▸ **PROBLEM**: Each entry is to be given again word for word; images are dropped.

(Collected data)

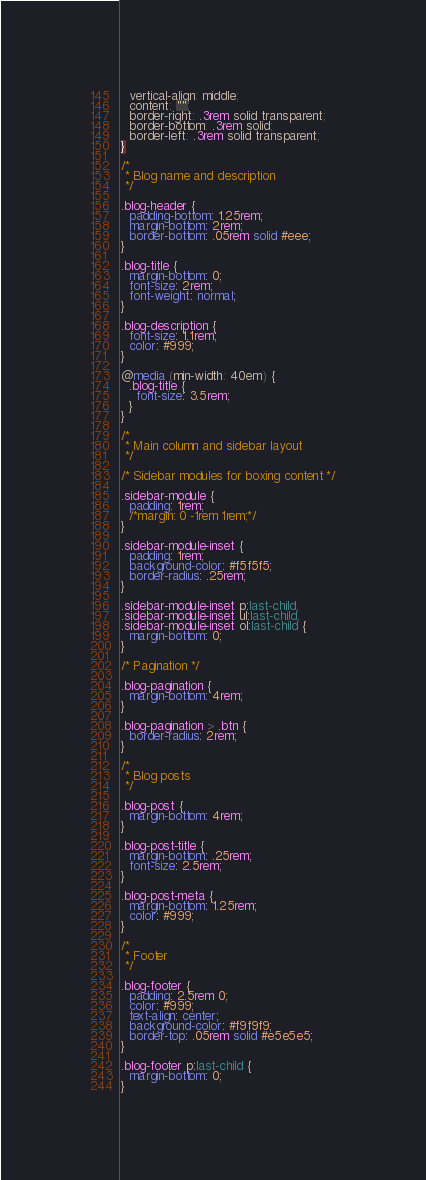Convert code to text. <code><loc_0><loc_0><loc_500><loc_500><_CSS_>  vertical-align: middle;
  content: "";
  border-right: .3rem solid transparent;
  border-bottom: .3rem solid;
  border-left: .3rem solid transparent;
}

/*
 * Blog name and description
 */

.blog-header {
  padding-bottom: 1.25rem;
  margin-bottom: 2rem;
  border-bottom: .05rem solid #eee;
}

.blog-title {
  margin-bottom: 0;
  font-size: 2rem;
  font-weight: normal;
}

.blog-description {
  font-size: 1.1rem;
  color: #999;
}

@media (min-width: 40em) {
  .blog-title {
    font-size: 3.5rem;
  }
}

/*
 * Main column and sidebar layout
 */

/* Sidebar modules for boxing content */

.sidebar-module {
  padding: 1rem;
  /*margin: 0 -1rem 1rem;*/
}

.sidebar-module-inset {
  padding: 1rem;
  background-color: #f5f5f5;
  border-radius: .25rem;
}

.sidebar-module-inset p:last-child,
.sidebar-module-inset ul:last-child,
.sidebar-module-inset ol:last-child {
  margin-bottom: 0;
}

/* Pagination */

.blog-pagination {
  margin-bottom: 4rem;
}

.blog-pagination > .btn {
  border-radius: 2rem;
}

/*
 * Blog posts
 */

.blog-post {
  margin-bottom: 4rem;
}

.blog-post-title {
  margin-bottom: .25rem;
  font-size: 2.5rem;
}

.blog-post-meta {
  margin-bottom: 1.25rem;
  color: #999;
}

/*
 * Footer
 */

.blog-footer {
  padding: 2.5rem 0;
  color: #999;
  text-align: center;
  background-color: #f9f9f9;
  border-top: .05rem solid #e5e5e5;
}

.blog-footer p:last-child {
  margin-bottom: 0;
}
</code> 
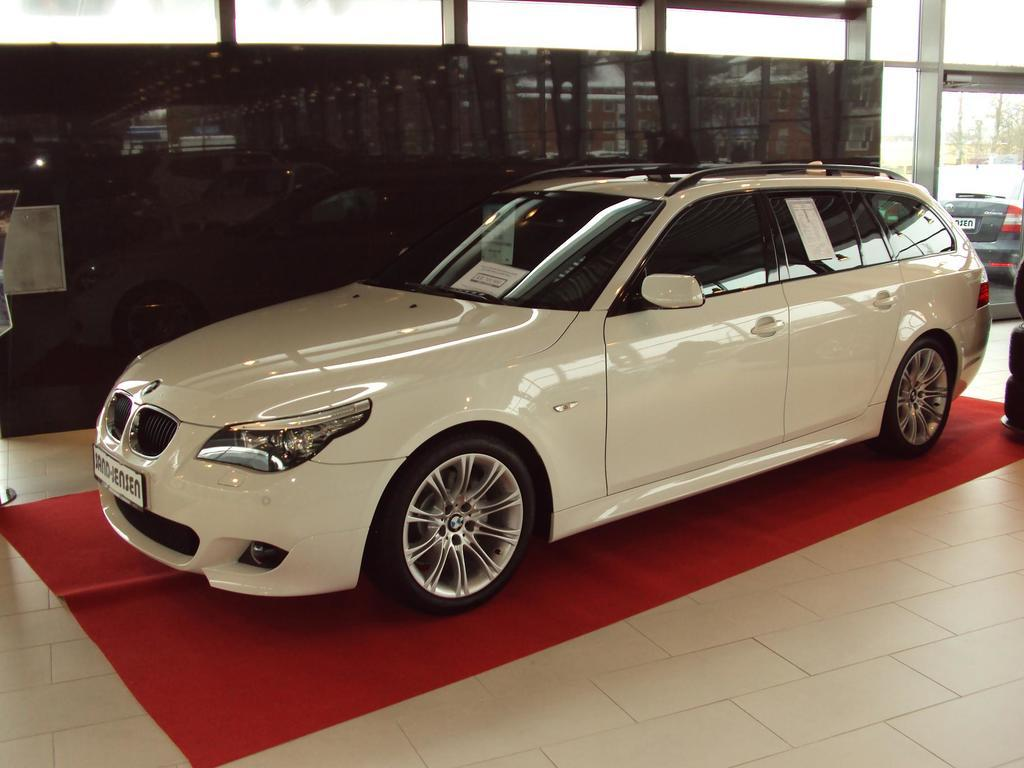What type of vehicles can be seen in the image? There are cars in the image. What is on the floor in the image? There is a mat on the floor in the image. What material is the glass in the image made of? The glass in the image is made of glass. What is reflected in the glass? The glass shows a reflection of vehicles. What can be seen in the background of the image? There are trees and the sky visible in the background of the image. How many snakes are slithering on the mat in the image? There are no snakes present in the image; it only shows cars, a mat, glass, trees, and the sky. What type of wire is used to connect the cars in the image? There is no wire connecting the cars in the image; they are separate vehicles.

▸ **YOUR SOLUTION**:
Convert code to text. <code><loc_0><loc_0><loc_500><loc_500><_CSS_>  vertical-align: middle;
  content: "";
  border-right: .3rem solid transparent;
  border-bottom: .3rem solid;
  border-left: .3rem solid transparent;
}

/*
 * Blog name and description
 */

.blog-header {
  padding-bottom: 1.25rem;
  margin-bottom: 2rem;
  border-bottom: .05rem solid #eee;
}

.blog-title {
  margin-bottom: 0;
  font-size: 2rem;
  font-weight: normal;
}

.blog-description {
  font-size: 1.1rem;
  color: #999;
}

@media (min-width: 40em) {
  .blog-title {
    font-size: 3.5rem;
  }
}

/*
 * Main column and sidebar layout
 */

/* Sidebar modules for boxing content */

.sidebar-module {
  padding: 1rem;
  /*margin: 0 -1rem 1rem;*/
}

.sidebar-module-inset {
  padding: 1rem;
  background-color: #f5f5f5;
  border-radius: .25rem;
}

.sidebar-module-inset p:last-child,
.sidebar-module-inset ul:last-child,
.sidebar-module-inset ol:last-child {
  margin-bottom: 0;
}

/* Pagination */

.blog-pagination {
  margin-bottom: 4rem;
}

.blog-pagination > .btn {
  border-radius: 2rem;
}

/*
 * Blog posts
 */

.blog-post {
  margin-bottom: 4rem;
}

.blog-post-title {
  margin-bottom: .25rem;
  font-size: 2.5rem;
}

.blog-post-meta {
  margin-bottom: 1.25rem;
  color: #999;
}

/*
 * Footer
 */

.blog-footer {
  padding: 2.5rem 0;
  color: #999;
  text-align: center;
  background-color: #f9f9f9;
  border-top: .05rem solid #e5e5e5;
}

.blog-footer p:last-child {
  margin-bottom: 0;
}
</code> 
What type of vehicles can be seen in the image? There are cars in the image. What is on the floor in the image? There is a mat on the floor in the image. What material is the glass in the image made of? The glass in the image is made of glass. What is reflected in the glass? The glass shows a reflection of vehicles. What can be seen in the background of the image? There are trees and the sky visible in the background of the image. How many snakes are slithering on the mat in the image? There are no snakes present in the image; it only shows cars, a mat, glass, trees, and the sky. What type of wire is used to connect the cars in the image? There is no wire connecting the cars in the image; they are separate vehicles.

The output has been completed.